When there’s an imminent threat or danger, our body immediately reacts to it by spiking up its adrenaline levels to help us boost our power levels and overcome the situation. This is also known as the flight, fight or freeze response.

As we become more and more stressed in our daily lives, cortisol builds up and we perceive threat even when it is not there, our thinking process becomes foggy, and we find it harder to establish meaningful connections. In other words, our entire system is impaired.
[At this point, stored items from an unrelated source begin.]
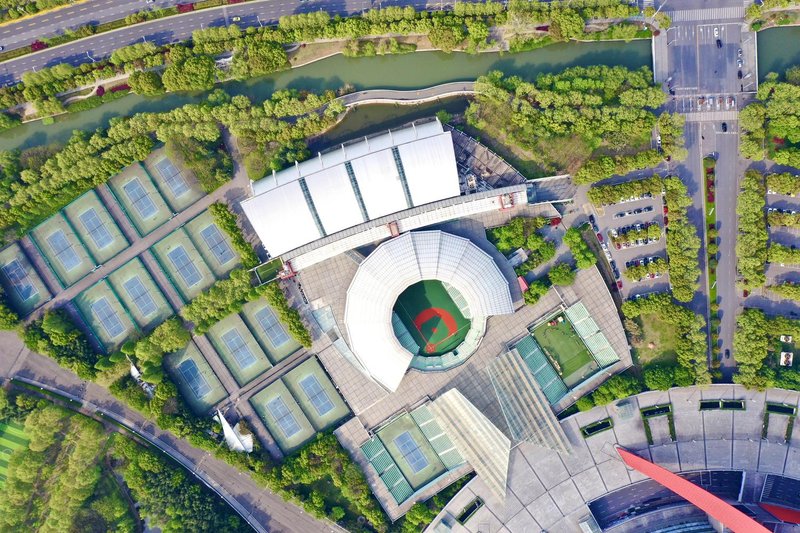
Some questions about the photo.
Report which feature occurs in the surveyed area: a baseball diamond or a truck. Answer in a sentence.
The one in the frame is a baseball diamond.
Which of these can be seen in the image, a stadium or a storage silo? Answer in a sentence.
The one in the frame is a stadium.
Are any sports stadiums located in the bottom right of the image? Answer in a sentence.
Yes, I can see a sports stadium in the bottom right of the image.
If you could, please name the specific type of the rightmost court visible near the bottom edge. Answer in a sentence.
From above, the rightmost court visible near the bottom edge can be identified as a tennis court.
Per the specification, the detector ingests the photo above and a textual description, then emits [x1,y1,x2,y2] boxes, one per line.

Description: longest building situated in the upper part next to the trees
[238,116,462,258]
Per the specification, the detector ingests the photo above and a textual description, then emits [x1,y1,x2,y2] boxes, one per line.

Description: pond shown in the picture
[291,92,473,164]
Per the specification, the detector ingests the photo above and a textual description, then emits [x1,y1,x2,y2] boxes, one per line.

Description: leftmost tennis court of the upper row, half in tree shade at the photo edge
[0,245,50,318]
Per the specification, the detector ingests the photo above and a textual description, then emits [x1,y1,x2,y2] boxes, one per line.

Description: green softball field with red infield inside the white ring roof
[393,281,470,356]
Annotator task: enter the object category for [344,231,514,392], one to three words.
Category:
stadium
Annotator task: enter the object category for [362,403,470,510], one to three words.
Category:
tennis court
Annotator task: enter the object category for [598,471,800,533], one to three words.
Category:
stadium
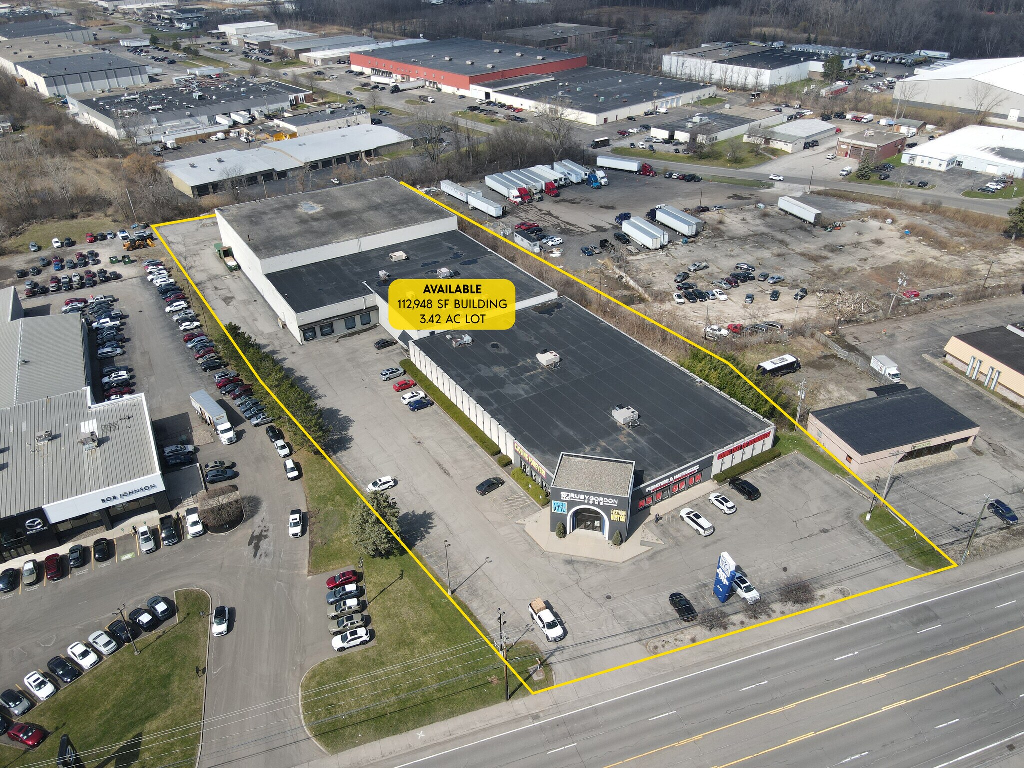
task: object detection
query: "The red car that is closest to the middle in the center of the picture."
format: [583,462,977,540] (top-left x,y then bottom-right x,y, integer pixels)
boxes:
[391,381,419,394]
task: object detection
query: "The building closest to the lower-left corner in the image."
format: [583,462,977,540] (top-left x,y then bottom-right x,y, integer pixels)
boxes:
[0,286,206,566]
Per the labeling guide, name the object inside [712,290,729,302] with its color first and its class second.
white vehicle
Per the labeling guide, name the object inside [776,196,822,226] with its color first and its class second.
white trailer
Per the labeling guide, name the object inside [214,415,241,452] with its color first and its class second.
white truck
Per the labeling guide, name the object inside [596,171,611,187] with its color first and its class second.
white vehicle
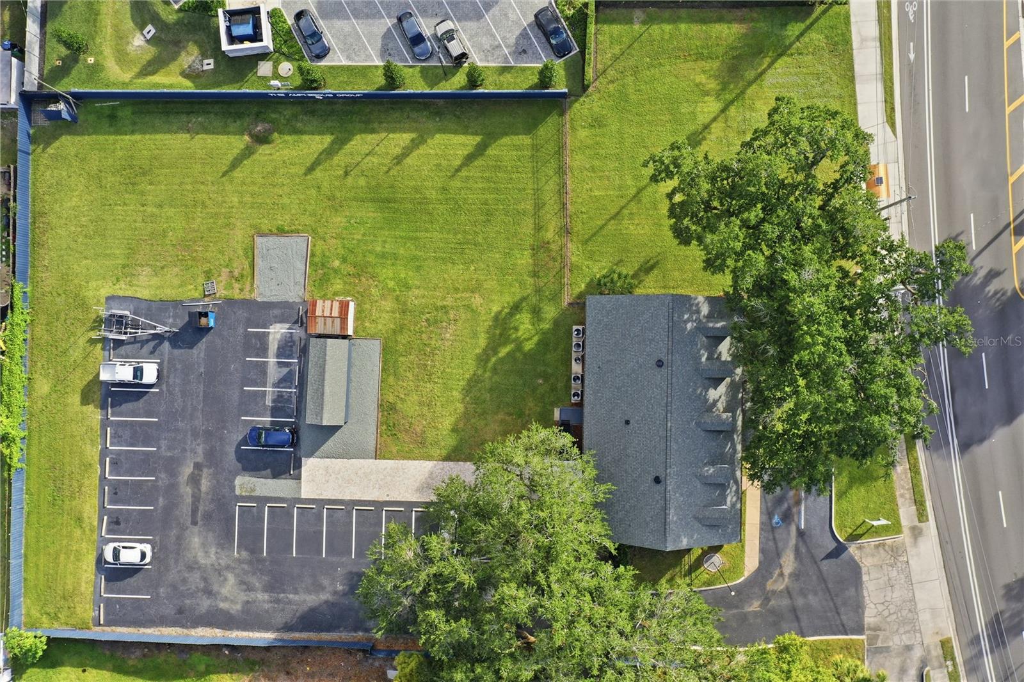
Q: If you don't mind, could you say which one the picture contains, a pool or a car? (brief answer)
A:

We react to a perceived threat using our amygdala, the fear center of the brain. However, when exposed to trauma, this function starts working improperly as we perceive threats everywhere. This means that we are in alert mode constantly, putting our body and mind at great effort.

There are certain measures that we can take to disarm these survival mechanisms which make our lives harder. For starters, you can try practicing mindful breathing. Breathing techniques have tremendous effects on us as they can relieve stress levels, improve digestion and balance our body functions.

You can try to incorporate various breathing exercises as a warm-up before your workout, through meditation or yoga, or with a trained practitioner. Moreover, you can try to add more sleep to your schedule and adopt a healthier diet. By accepting these changes, your mind-body-spirit connection will flourish!

Lesson 3: Healthy boundaries can help build better relationships with yourself and those around you.

Oftentimes we perceive boundaries as something negative and rigid, and we avoid saying no out of fear that the interlocutor will form a poor impression of us. However, knowing your limits and respectfully communicating them is a sign of emotional intelligence.

Healthy relationships have healthy boundaries. For example, you can’t let your friends come to your door uninvited all the time if this is something that upsets you. Instead, you should communicate how this makes you feel and establish a common schedule when you can meet up.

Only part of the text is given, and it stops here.